La principale application du captage et stockage du CO2 (CSC) est la réduction des émissions de CO2 dues à la production d'électricité à partir de combustibles fossiles - essentiellement charbon et gaz - mais le CSC peut aussi s'appliquer aux secteurs qui émettent beaucoup de CO2 comme la cimenterie, le raffinage, la sidérurgie, la pétrochimie, la transformation du pétrole et du gaz, etc. Après captage, le CO2 est transporté vers une formation géologique adaptée, dans laquelle il sera injecté afin de l'isoler à long terme de l'atmosphère.

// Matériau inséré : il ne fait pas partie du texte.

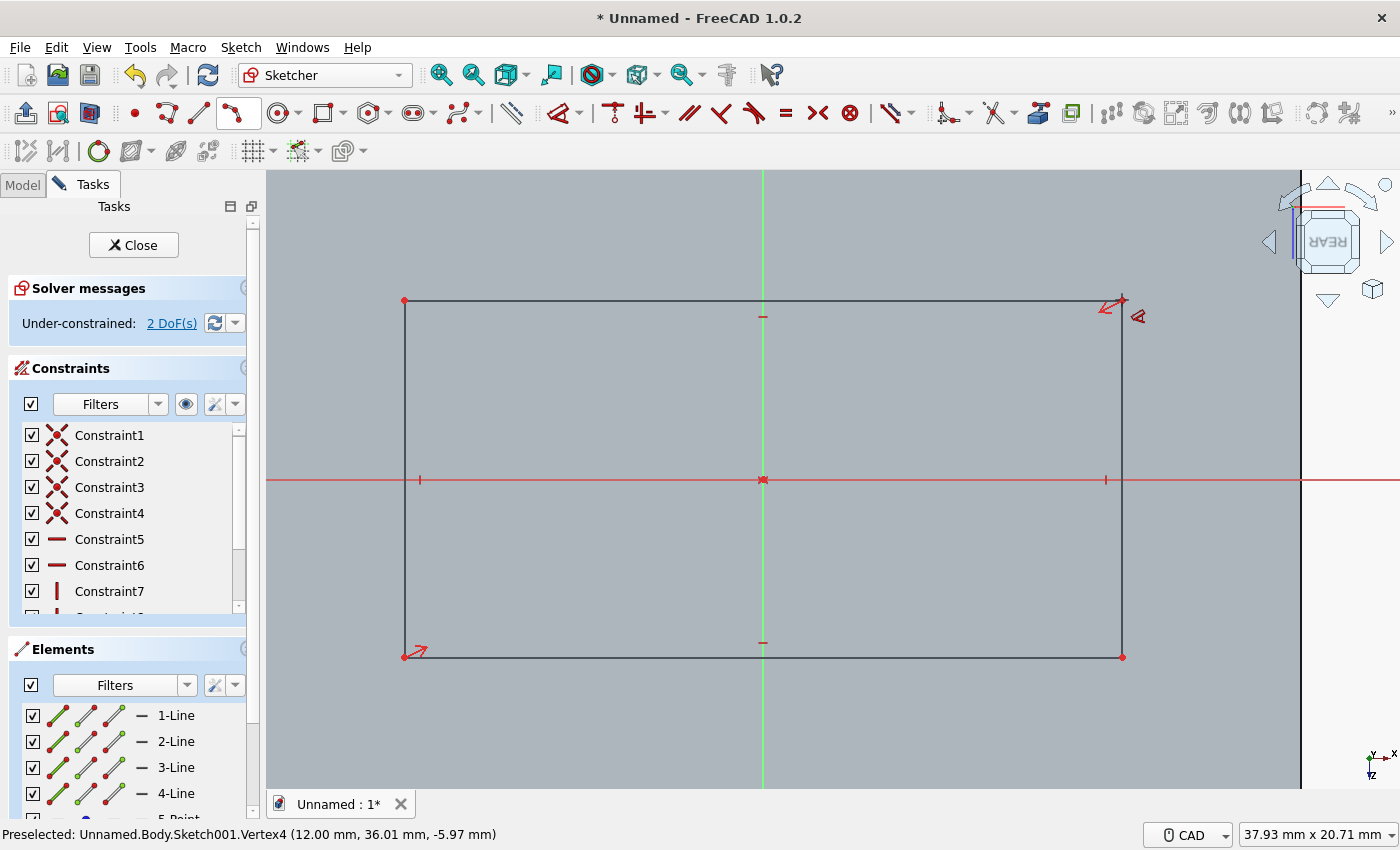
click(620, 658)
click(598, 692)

Indépendamment du stockage géologique, il existe d'autres options de stockage, notamment le stockage dans la colonne d'eau ou le stockage minéral. Le stockage dans la colonne est considéré comme très risqué pour l'environnement, et la proposition de directive de la Commission relative au stockage géologique du CO2 l'interdit dans l'Union. Le stockage minéral fait actuellement l'objet de recherches et l'on restera attentif aux progrès accomplis dans ce domaine.
Comment fonctionne le stockage géologique ?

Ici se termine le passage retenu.